> EXERCISE DIRECTIONS
Which lines in the data below contain the string "What"? Show each one.

[RAW DATA Boundary: Start]

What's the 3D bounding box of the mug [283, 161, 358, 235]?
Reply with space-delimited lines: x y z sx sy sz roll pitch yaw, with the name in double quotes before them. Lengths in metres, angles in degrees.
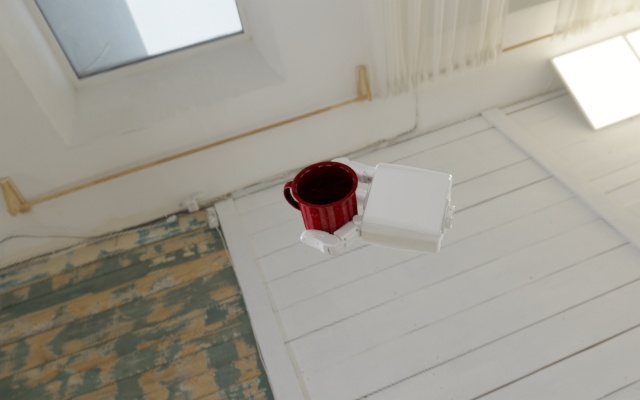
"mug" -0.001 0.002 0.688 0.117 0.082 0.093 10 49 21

[RAW DATA Boundary: End]
[RAW DATA Boundary: Start]

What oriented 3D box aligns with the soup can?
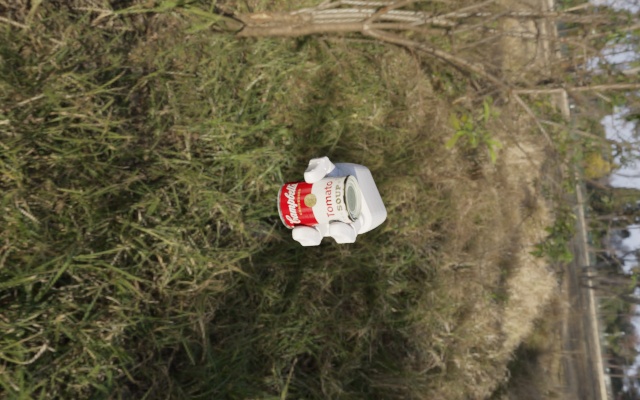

[RAW DATA Boundary: End]
[RAW DATA Boundary: Start]

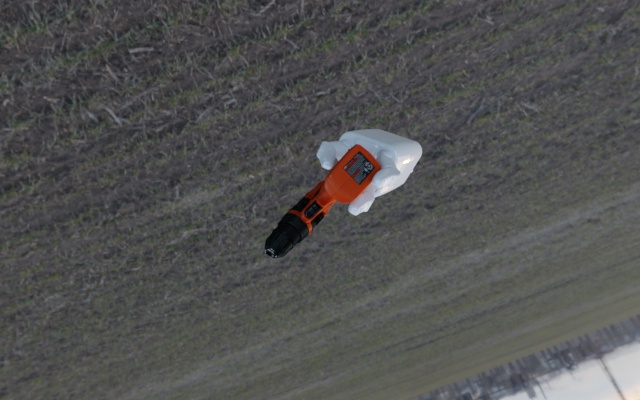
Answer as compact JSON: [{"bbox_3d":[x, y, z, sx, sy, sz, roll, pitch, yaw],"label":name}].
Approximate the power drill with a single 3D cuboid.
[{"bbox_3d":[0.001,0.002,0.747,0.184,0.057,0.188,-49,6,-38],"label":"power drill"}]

[RAW DATA Boundary: End]

> YOUR RESPONSE
What's the 3D bounding box of the mug [283, 161, 358, 235]?
What oriented 3D box aligns with the soup can?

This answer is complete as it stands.